Problem to work on: How many separate lines of the data contain "start"? Give the count and nothing else.

Input material:
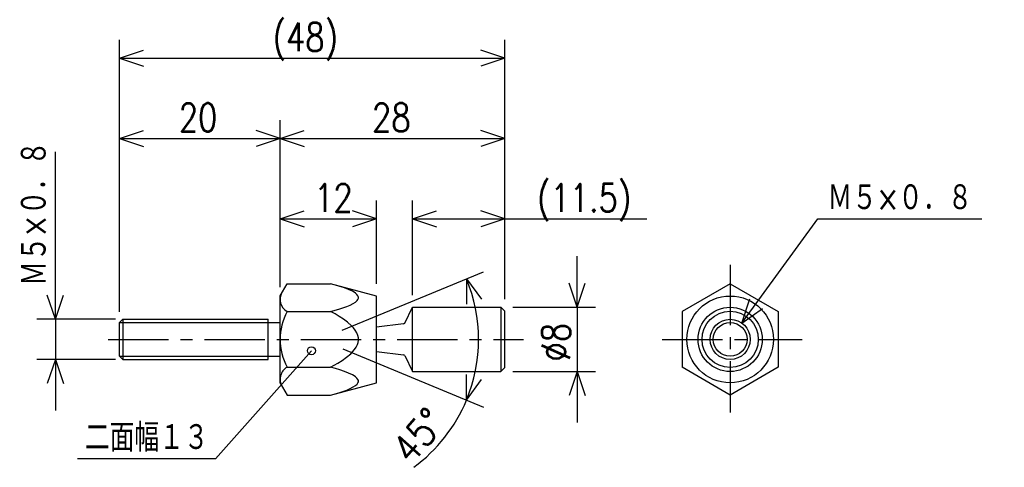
# Model space of a CAD drawing. Extents: x -141 to -18, y 121 to 177.
import ezdxf

# ---------------------------------------------------------------- set-up
doc = ezdxf.new("R2010")
doc.units = 0
doc.header["$MEASUREMENT"] = 0
doc.linetypes.add('CENTER', pattern=[12, 7.5, -1.5, 1.5, -1.5])
doc.layers.get('0').update_dxf_attribs({"linetype": 'CONTINUOUS'})
doc.styles.get("Standard").update_dxf_attribs({"font": 'txt', "bigfont": 'BIGFONT'})

msp = doc.modelspace()

# ---------------------------------------------------------------- linework, layer by layer
at = {"color": 7, "linetype": 'Continuous'}
for p, q in [((-128.16695, 140.74258), (-128.16695, 174.60593)), ((-80.166939, 142.81993), (-80.166939, 174.60593)), ((-128.16695, 172.31993), (-125.16695, 173.31993)), ((-80.166939, 172.31993), (-83.166939, 173.31993)), ((-128.16695, 172.31993), (-80.166939, 172.31993)), ((-128.16695, 172.31993), (-125.16695, 171.31993)), ((-80.166939, 172.31993), (-83.166939, 171.31993)), ((-128.16695, 140.74258), (-128.16695, 164.60593)), ((-108.16694, 144.24493), (-108.16694, 164.60593)), ((-108.16694, 143.81993), (-108.16694, 164.60593)), ((-80.166939, 142.31993), (-80.166939, 164.60593)), ((-128.16695, 162.31993), (-125.16695, 163.31993)), ((-108.16694, 162.31993), (-111.16694, 163.31993)), ((-108.16694, 162.31993), (-105.16694, 163.31993)), ((-80.166939, 162.31993), (-83.166939, 163.31993)), ((-128.16695, 162.31993), (-108.16694, 162.31993)), ((-128.16695, 162.31993), (-125.16695, 161.31993)), ((-108.16694, 162.31993), (-111.16694, 161.31993)), ((-108.16694, 162.31993), (-80.166939, 162.31993)), ((-108.16694, 162.31993), (-105.16694, 161.31993)), ((-80.166939, 162.31993), (-83.166939, 161.31993)), ((-136.16695, 139.81993), (-136.16695, 160.66293)), ((-108.16694, 144.24493), (-108.16694, 154.60593)), ((-96.166939, 144.21672), (-96.166939, 154.60593)), ((-91.666939, 142.81993), (-91.666939, 154.60593)), ((-80.166939, 142.31993), (-80.166939, 154.60593)), ((-108.16694, 152.31993), (-105.16694, 153.31993)), ((-108.16694, 152.31993), (-96.166939, 152.31993)), ((-108.16694, 152.31993), (-105.16694, 151.31993)), ((-96.166939, 152.31993), (-99.166939, 153.31993)), ((-96.166939, 152.31993), (-99.166939, 151.31993)), ((-91.666939, 152.31993), (-88.666939, 153.31993)), ((-91.666939, 152.31993), (-80.166939, 152.31993)), ((-91.666939, 152.31993), (-88.666939, 151.31993)), ((-80.166939, 152.31993), (-83.166939, 153.31993)), ((-80.166939, 152.31993), (-83.166939, 151.31993)), ((-80.166939, 152.31993), (-62.486496, 152.31993)), ((-50.627003, 139.34027), (-41.166939, 152.31993)), ((-41.166939, 152.31993), (-20.764746, 152.31993)), ((-71.166939, 141.31993), (-71.166939, 147.66993)), ((-136.16695, 139.81993), (-136.16695, 146.16993)), ((-100.43582, 138.45118), (-82.833191, 145.74243)), ((-84.945189, 144.86763), (-84.961563, 141.70539)), ((-84.945189, 144.86763), (-83.060947, 142.32801)), ((-108.16693, 142.74492), (-107.3009, 144.24493)), ((-107.30091, 144.24493), (-101.87028, 144.24493)), ((-96.166946, 142.71672), (-101.87028, 144.24493)), ((-71.166939, 141.31993), (-72.166939, 144.31993)), ((-71.166939, 141.31993), (-70.166939, 144.31993)), ((-52.099503, 144.24545), (-58.097172, 140.78268)), ((-52.099499, 144.24544), (-46.101826, 140.78268)), ((-136.16695, 139.81993), (-137.16695, 142.81993)), ((-136.16695, 139.81993), (-135.16695, 142.81993)), ((-108.16694, 131.88852), (-108.16694, 142.74493)), ((-96.166939, 131.91673), (-96.166939, 142.71672)), ((-50.627003, 139.34027), (-49.668141, 142.35367)), ((-92.64312, 139.31879), (-91.666946, 141.31993)), ((-91.666939, 141.31993), (-80.666939, 141.31993)), ((-91.666939, 133.31993), (-91.666939, 141.31993)), ((-80.666946, 141.31993), (-80.166946, 140.81993)), ((-80.666939, 141.31993), (-80.666939, 133.31993)), ((-79.166939, 141.31993), (-68.880936, 141.31993)), ((-71.166939, 141.31993), (-71.166939, 133.31993)), ((-50.627003, 139.34027), (-48.051873, 141.17567)), ((-107.30091, 140.78082), (-101.87028, 140.78082)), ((-80.166939, 133.81993), (-80.166939, 140.81993)), ((-58.097168, 140.78268), (-58.097168, 133.85718)), ((-46.10183, 140.78268), (-46.10183, 133.85718)), ((-128.66694, 139.81993), (-138.45294, 139.81993)), ((-136.16695, 139.81993), (-136.16695, 134.81993)), ((-128.16695, 139.41992), (-127.76694, 139.81993)), ((-128.16695, 139.41992), (-109.66694, 139.41992)), ((-128.16695, 135.21992), (-128.16695, 139.41992)), ((-127.76694, 139.81993), (-109.66694, 139.81993)), ((-127.76694, 139.81993), (-127.76694, 134.81993)), ((-109.66694, 134.81993), (-109.66694, 139.81993)), ((-109.66694, 139.41992), (-108.16694, 139.41992)), ((-92.794724, 139.25351), (-96.166939, 138.81993)), ((-96.166939, 137.31673), (-96.137199, 137.31673)), ((-128.16695, 135.21992), (-109.66694, 135.21992)), ((-128.16695, 135.21992), (-127.76694, 134.81993)), ((-104.26093, 135.90891), (-116.20446, 122.47243)), ((-109.66694, 135.21992), (-108.16694, 135.21992)), ((-100.34231, 136.14993), (-82.833191, 128.89742)), ((-96.166939, 135.81993), (-92.794724, 135.38635)), ((-92.643112, 135.32109), (-91.666939, 133.31993)), ((-128.66694, 134.81993), (-138.45294, 134.81993)), ((-136.16695, 134.81993), (-137.16695, 131.81993)), ((-136.16695, 134.81993), (-135.16695, 131.81993)), ((-136.16695, 134.81993), (-136.16695, 128.46993)), ((-127.76694, 134.81993), (-109.66694, 134.81993)), ((-107.30091, 133.85262), (-101.87028, 133.85262)), ((-80.166939, 133.81993), (-80.666939, 133.31993)), ((-52.099495, 130.39442), (-58.097168, 133.85718)), ((-46.10183, 133.85718), (-52.099499, 130.39441)), ((-91.666939, 133.31993), (-80.666939, 133.31993)), ((-84.945189, 129.77224), (-84.961563, 132.93447)), ((-79.166939, 133.31993), (-68.880936, 133.31993)), ((-71.166939, 133.31993), (-72.166939, 130.31993)), ((-71.166939, 133.31993), (-70.166939, 130.31993)), ((-71.166939, 133.31993), (-71.166939, 126.96993)), ((-108.16694, 131.88852), (-107.30092, 130.38853)), ((-101.87027, 130.38853), (-96.166939, 131.91673)), ((-84.945189, 129.77224), (-83.060947, 132.31185)), ((-107.30091, 130.38852), (-101.87028, 130.38852)), ((-116.20446, 122.47243), (-133.38989, 122.47243))]:
    msp.add_line(p, q, dxfattribs=at)
at = {"color": 7, "linetype": 'CENTER'}
for p, q in [((-52.099495, 146.59863), (-52.099495, 128.24005)), ((-129.58107, 137.31993), (-77.863281, 137.31993)), ((-60.563911, 137.31993), (-43.138809, 137.31993))]:
    msp.add_line(p, q, dxfattribs=at)
at = {"color": 7, "linetype": 'Continuous'}
for points in [[(-101.87028, 140.78082), (-100.84696, 141.07449), (-100.34919, 141.23621), (-99.869331, 141.4108), (-99.440483, 141.59058), (-99.044456, 141.79149), (-98.778465, 141.96355), (-98.562706, 142.15752), (-98.465721, 142.29395), (-98.412773, 142.44003), (-98.412651, 142.58504), (-98.466072, 142.73245), (-98.589516, 142.89755), (-98.768898, 143.05504), (-98.956337, 143.18201), (-99.165062, 143.30052), (-99.636604, 143.52098), (-100.16051, 143.72362), (-100.71052, 143.90846), (-101.28414, 144.08205), (-101.87028, 144.24493)], [(-101.87028, 133.85262), (-100.99267, 134.35077), (-100.43176, 134.70758), (-99.89019, 135.09641), (-99.372932, 135.5347), (-99.130333, 135.77841), (-98.907448, 136.04007), (-98.70089, 136.34007), (-98.535149, 136.6718), (-98.448952, 136.94563), (-98.408119, 137.23756), (-98.419624, 137.52477), (-98.483101, 137.81453), (-98.62336, 138.15443), (-98.820793, 138.47668), (-99.032021, 138.74527), (-99.265587, 138.99493), (-99.788887, 139.45758), (-100.2822, 139.82391), (-100.79575, 140.16162), (-101.32781, 140.48019), (-101.87028, 140.78082)], [(-101.87028, 130.38852), (-100.84696, 130.68219), (-100.34919, 130.8439), (-99.869331, 131.01848), (-99.440483, 131.19827), (-99.044456, 131.39919), (-98.778465, 131.57124), (-98.562706, 131.76521), (-98.465721, 131.90164), (-98.412773, 132.04773), (-98.412651, 132.19273), (-98.466072, 132.34015), (-98.589516, 132.50525), (-98.768898, 132.66273), (-98.956337, 132.7897), (-99.165062, 132.90822), (-99.636604, 133.12868), (-100.16051, 133.33131), (-100.71052, 133.51616), (-101.28414, 133.68974), (-101.87028, 133.85262)]]:
    msp.add_lwpolyline(points, dxfattribs=at)
for centre, radius in [((-52.099495, 137.31993), 5.396796), ((-52.099495, 137.31993), 4), ((-52.099495, 137.31993), 3.5), ((-52.099495, 137.31993), 2.5), ((-52.099495, 137.31993), 2.1), ((-104.26093, 135.90891), 0.5)]:
    msp.add_circle(centre, radius, dxfattribs=at)
for centre, radius, start, end in [((-103.16694, 137.31993), 19.72308, 337.5, 22.500001), ((-106.43488, 142.28082), 1.732051, 149.99993, 239.99993), ((-100.80573, 137.31673), 7.361213, 151.92753, 208.07247), ((-92.83297, 139.55106), 0.3, 277.32599, 309.2608), ((-92.83297, 135.08881), 0.3, 50.736224, 82.674006), ((-106.4349, 132.35262), 1.732048, 119.99985, 210.00007), ((-103.16694, 137.31993), 19.72308, 306.19214, 337.5)]:
    msp.add_arc(centre, radius, start, end, dxfattribs=at)

# ---------------------------------------------------------------- texts
at = {"color": 7, "linetype": 'Continuous', "width": 0.8}
for s, p in [('(48)', (-109.10994, 173.19493)), ('20', (-120.78387, 163.19493)), ('28', (-96.711666, 163.19493)), ('(11.5)', (-76.172498, 153.19493)), ('12', (-103.92234, 153.19493)), ('Ｍ５×０．８', (-39.964746, 153.19493)), ('二面幅１３', (-132.4759, 123.34743))]:
    msp.add_text(s, height=3.5, dxfattribs=at).set_placement(p)
at = {"color": 7, "linetype": 'Continuous'}
for s, rotation, width, p in [('Ｍ５×０．８', 90.000003, 0.8, (-137.04195, 143.97693)), ('%%C8', 90.000003, 0.8, (-72.041939, 134.57693)), ('45%%D', 48.599999, 0.888442, (-91.898488, 121.60043))]:
    msp.add_text(s, height=3.5, rotation=rotation, dxfattribs=dict(at, width=width)).set_placement(p)

doc.saveas('drawing.dxf')

Task result: 2